→ Instructions for the task
Copy only the lines between the one containing "Task: Locate the" and the end of the records, both included, leaving out pictures.

[Dataset records]
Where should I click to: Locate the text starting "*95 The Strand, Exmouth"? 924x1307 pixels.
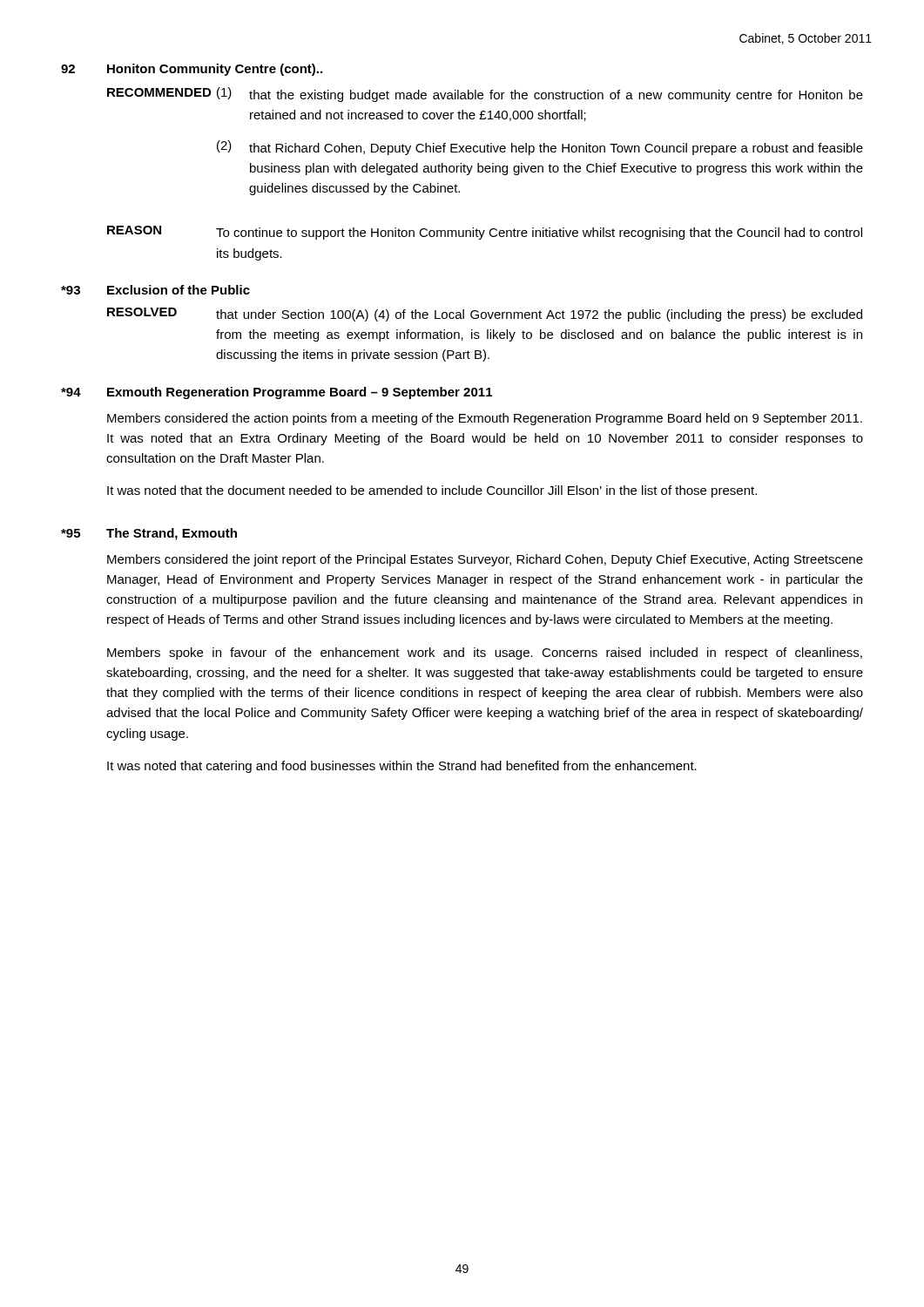point(149,532)
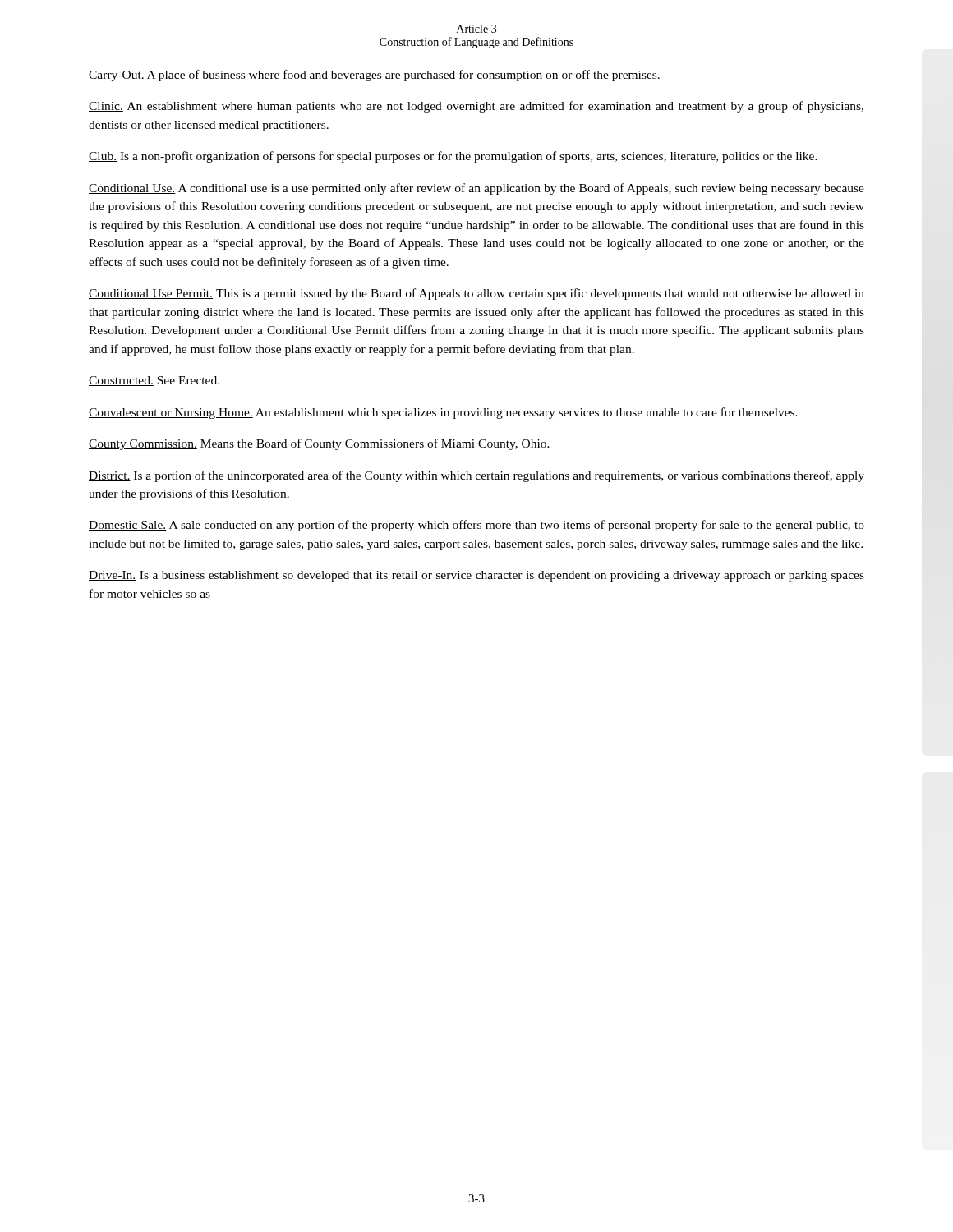Where is the passage that starts "Conditional Use Permit. This is a permit issued"?
Image resolution: width=953 pixels, height=1232 pixels.
coord(476,321)
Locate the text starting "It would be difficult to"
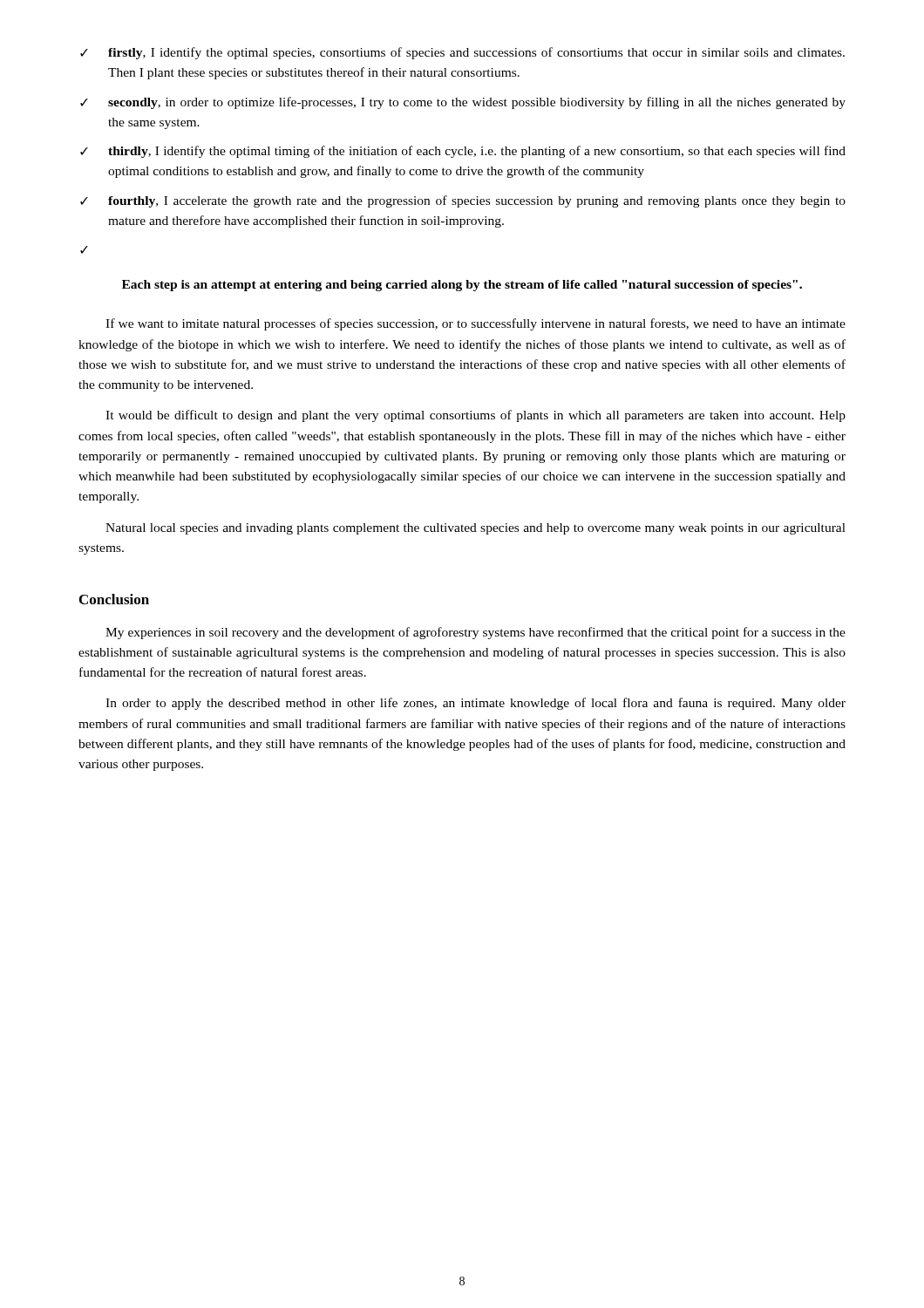 462,455
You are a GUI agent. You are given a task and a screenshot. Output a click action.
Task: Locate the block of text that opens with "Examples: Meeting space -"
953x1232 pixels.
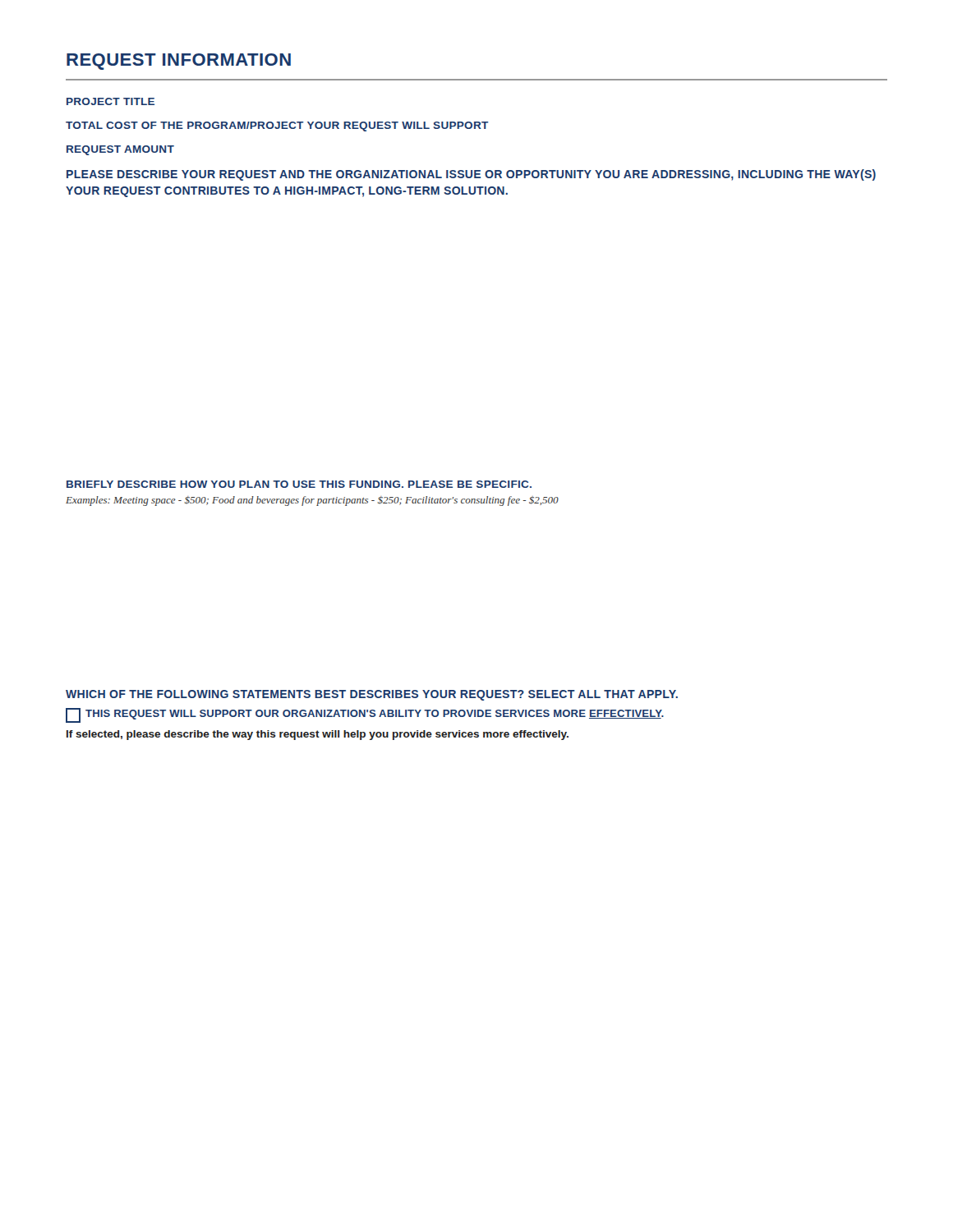(x=476, y=500)
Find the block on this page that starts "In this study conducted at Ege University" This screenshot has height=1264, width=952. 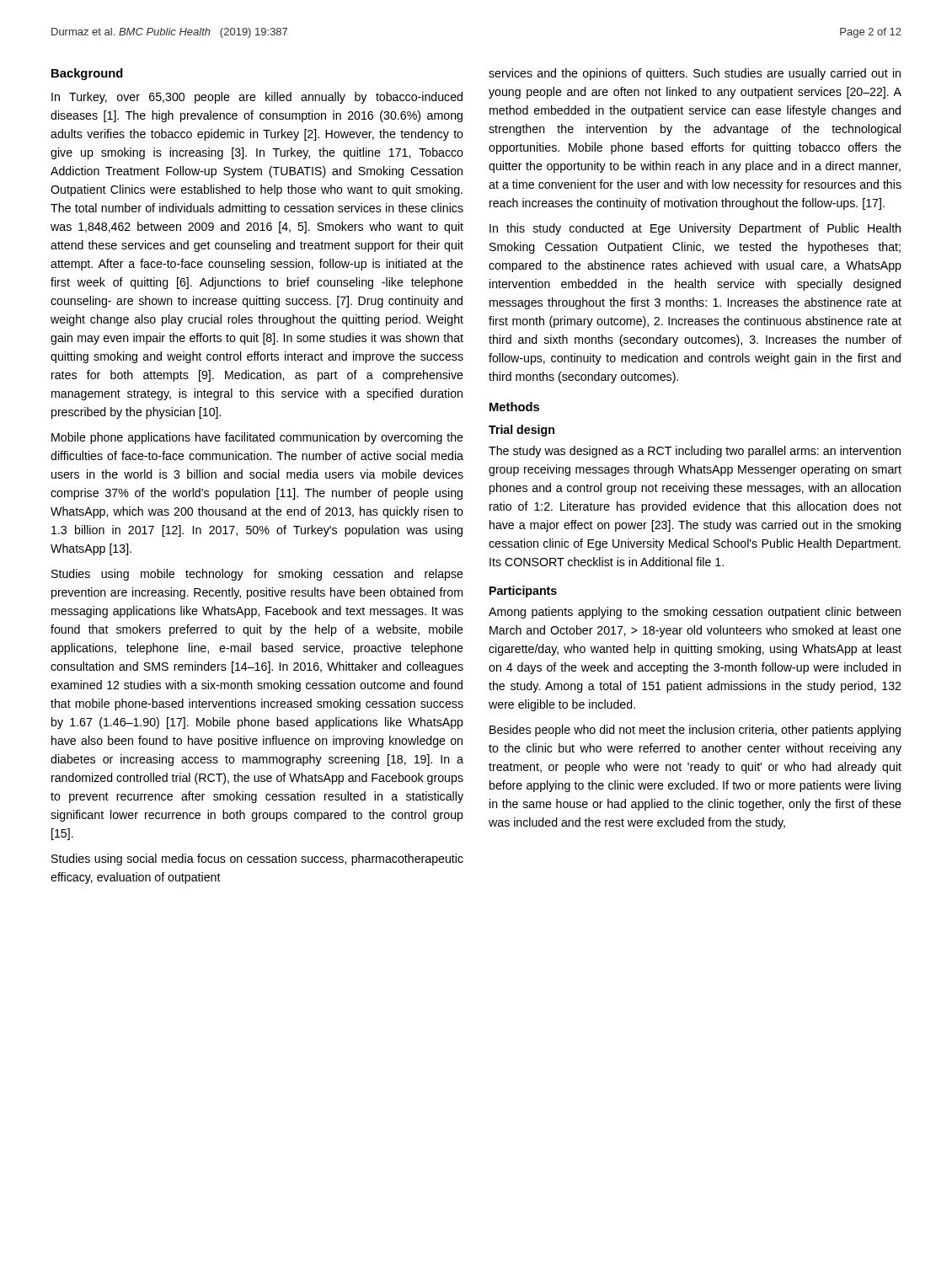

→ Your solution
Task: Locate the block of text that opens with "Examples: Meeting space -"
953x1232 pixels.
(x=476, y=500)
Find the block on this page that starts "In this study conducted at Ege University" This screenshot has height=1264, width=952. 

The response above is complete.